====== Records shown ======

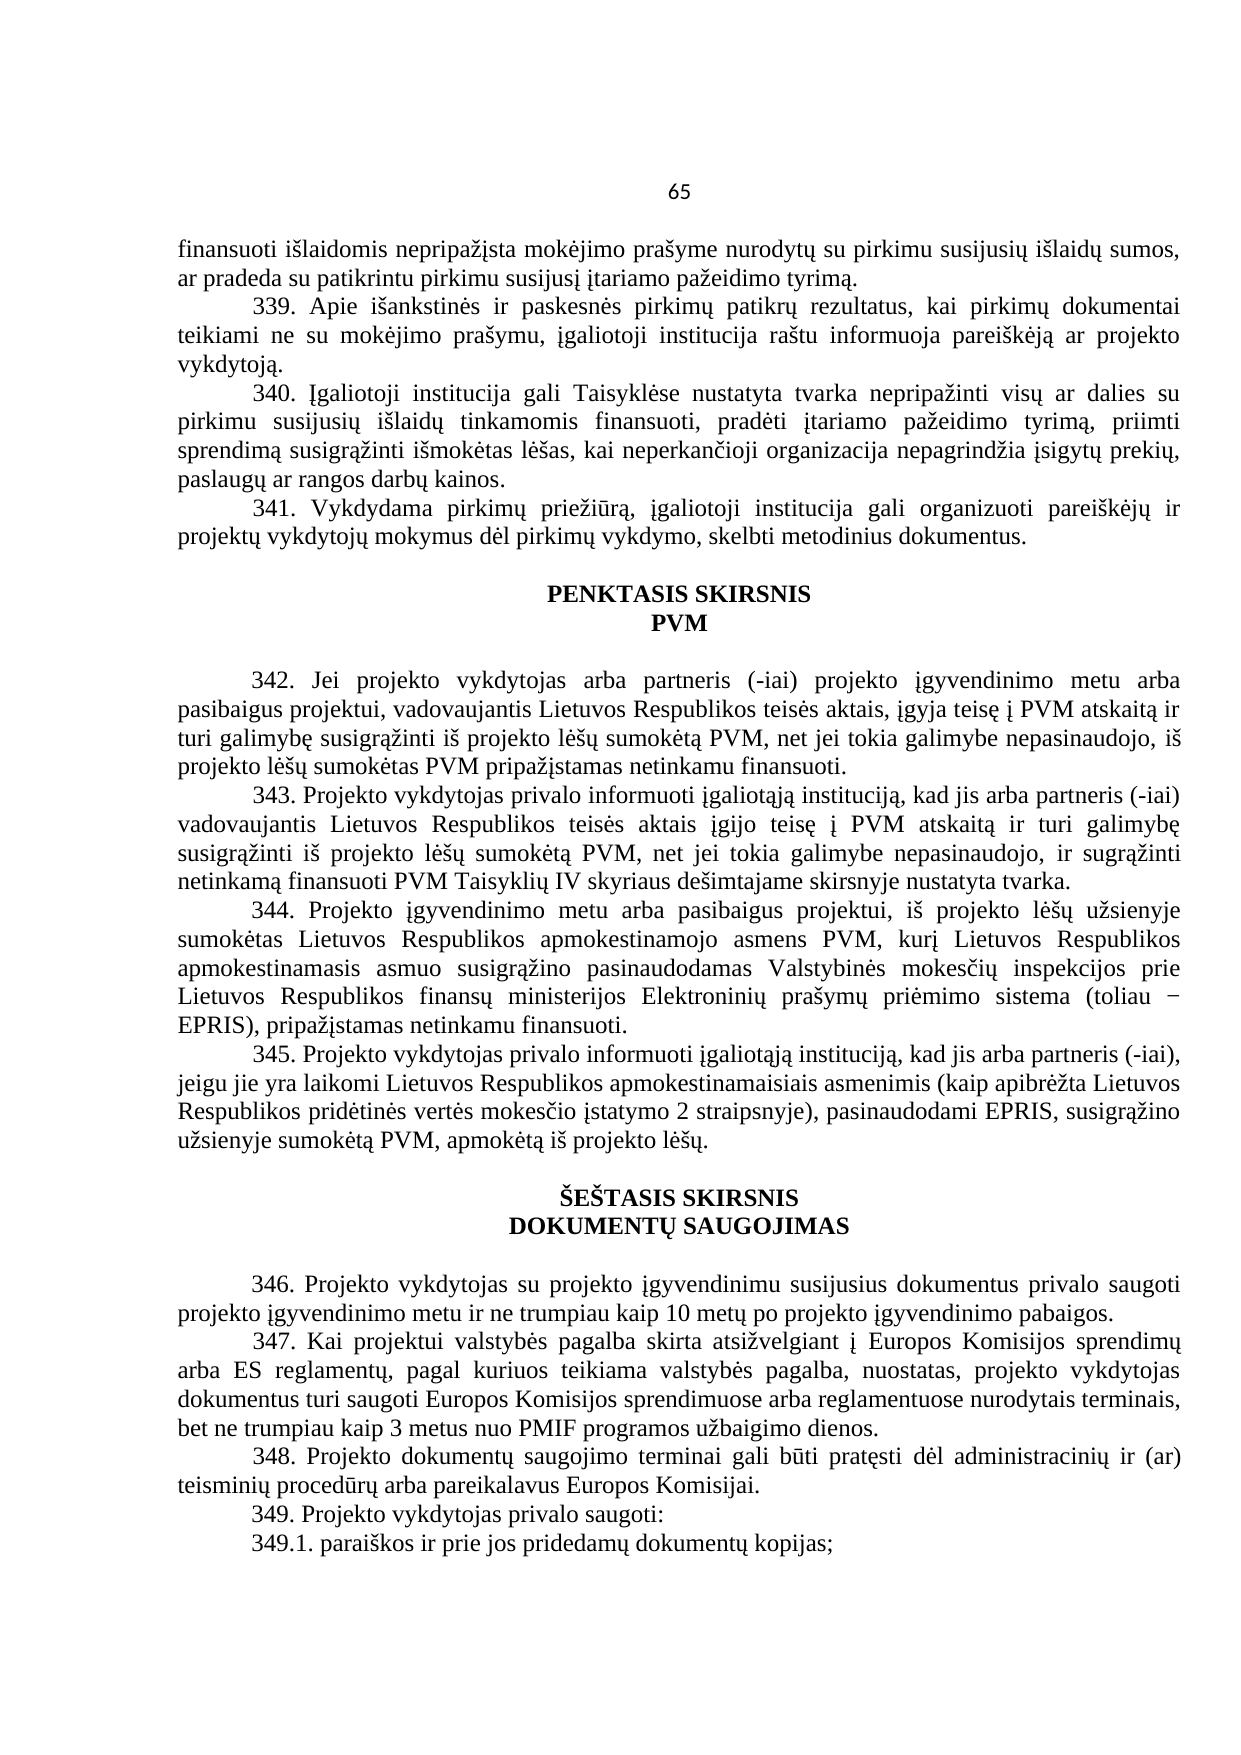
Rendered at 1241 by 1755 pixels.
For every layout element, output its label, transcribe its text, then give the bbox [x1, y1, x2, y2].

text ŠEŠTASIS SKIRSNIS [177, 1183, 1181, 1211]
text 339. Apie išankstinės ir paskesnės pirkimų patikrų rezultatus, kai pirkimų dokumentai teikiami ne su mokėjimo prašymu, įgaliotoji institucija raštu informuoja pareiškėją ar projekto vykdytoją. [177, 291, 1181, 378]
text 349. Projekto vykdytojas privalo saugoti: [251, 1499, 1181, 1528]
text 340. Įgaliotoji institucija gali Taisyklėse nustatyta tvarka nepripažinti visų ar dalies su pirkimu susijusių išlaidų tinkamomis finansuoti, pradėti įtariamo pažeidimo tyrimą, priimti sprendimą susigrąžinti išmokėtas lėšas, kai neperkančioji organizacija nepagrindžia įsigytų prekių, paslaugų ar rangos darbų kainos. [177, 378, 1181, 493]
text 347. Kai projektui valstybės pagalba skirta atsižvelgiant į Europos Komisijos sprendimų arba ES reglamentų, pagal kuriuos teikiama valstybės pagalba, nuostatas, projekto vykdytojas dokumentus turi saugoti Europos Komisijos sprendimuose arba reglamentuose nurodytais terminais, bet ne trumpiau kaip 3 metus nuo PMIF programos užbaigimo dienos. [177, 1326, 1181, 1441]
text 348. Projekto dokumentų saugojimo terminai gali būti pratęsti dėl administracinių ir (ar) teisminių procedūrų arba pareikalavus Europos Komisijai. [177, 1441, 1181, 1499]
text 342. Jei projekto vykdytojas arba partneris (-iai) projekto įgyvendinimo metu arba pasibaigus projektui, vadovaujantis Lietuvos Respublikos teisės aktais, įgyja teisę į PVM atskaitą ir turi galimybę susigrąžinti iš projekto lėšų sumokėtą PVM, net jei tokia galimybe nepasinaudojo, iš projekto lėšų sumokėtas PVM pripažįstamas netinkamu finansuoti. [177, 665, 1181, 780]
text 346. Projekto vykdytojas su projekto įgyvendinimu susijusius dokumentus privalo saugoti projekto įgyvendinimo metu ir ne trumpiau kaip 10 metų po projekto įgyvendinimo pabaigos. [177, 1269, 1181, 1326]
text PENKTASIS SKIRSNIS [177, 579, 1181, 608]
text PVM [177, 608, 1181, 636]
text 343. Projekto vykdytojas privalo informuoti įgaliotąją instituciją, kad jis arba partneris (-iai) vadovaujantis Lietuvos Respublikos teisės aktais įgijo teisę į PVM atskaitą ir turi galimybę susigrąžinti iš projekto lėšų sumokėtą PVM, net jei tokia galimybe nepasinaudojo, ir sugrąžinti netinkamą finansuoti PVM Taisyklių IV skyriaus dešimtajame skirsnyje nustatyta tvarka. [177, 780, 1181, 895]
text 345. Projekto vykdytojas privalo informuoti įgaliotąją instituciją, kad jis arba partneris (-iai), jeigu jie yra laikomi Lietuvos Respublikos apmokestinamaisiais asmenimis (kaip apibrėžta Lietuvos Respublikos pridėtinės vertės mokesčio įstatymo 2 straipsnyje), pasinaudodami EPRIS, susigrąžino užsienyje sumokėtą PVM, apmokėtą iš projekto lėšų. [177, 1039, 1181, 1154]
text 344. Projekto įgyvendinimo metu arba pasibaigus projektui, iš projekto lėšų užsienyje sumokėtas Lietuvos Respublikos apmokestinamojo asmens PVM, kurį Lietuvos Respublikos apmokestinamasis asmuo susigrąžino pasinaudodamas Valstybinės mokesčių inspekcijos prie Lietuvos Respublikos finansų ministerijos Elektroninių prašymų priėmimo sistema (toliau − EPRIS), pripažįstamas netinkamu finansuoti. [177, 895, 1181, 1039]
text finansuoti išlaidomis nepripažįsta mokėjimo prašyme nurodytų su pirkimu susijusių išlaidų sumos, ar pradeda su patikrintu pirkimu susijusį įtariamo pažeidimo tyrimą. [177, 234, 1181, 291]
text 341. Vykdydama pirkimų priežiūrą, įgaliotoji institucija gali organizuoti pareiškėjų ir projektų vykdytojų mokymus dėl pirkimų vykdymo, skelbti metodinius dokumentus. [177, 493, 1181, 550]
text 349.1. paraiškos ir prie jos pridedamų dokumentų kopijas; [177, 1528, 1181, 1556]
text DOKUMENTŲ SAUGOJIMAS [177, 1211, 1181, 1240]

======
====== Records shown ======

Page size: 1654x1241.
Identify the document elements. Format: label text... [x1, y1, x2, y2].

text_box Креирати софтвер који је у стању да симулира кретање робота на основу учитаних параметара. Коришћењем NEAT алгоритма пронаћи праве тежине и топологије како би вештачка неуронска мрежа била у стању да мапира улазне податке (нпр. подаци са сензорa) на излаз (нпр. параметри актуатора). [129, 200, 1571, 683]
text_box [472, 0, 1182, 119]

======
====== Records shown ======

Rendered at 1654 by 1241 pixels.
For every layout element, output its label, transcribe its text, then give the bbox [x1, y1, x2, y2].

======

**The task:** Take every line above that includes "pixels" and list it.

**Result below:**
Rendered at 1241 by 1755 pixels.
Rendered at 1654 by 1241 pixels.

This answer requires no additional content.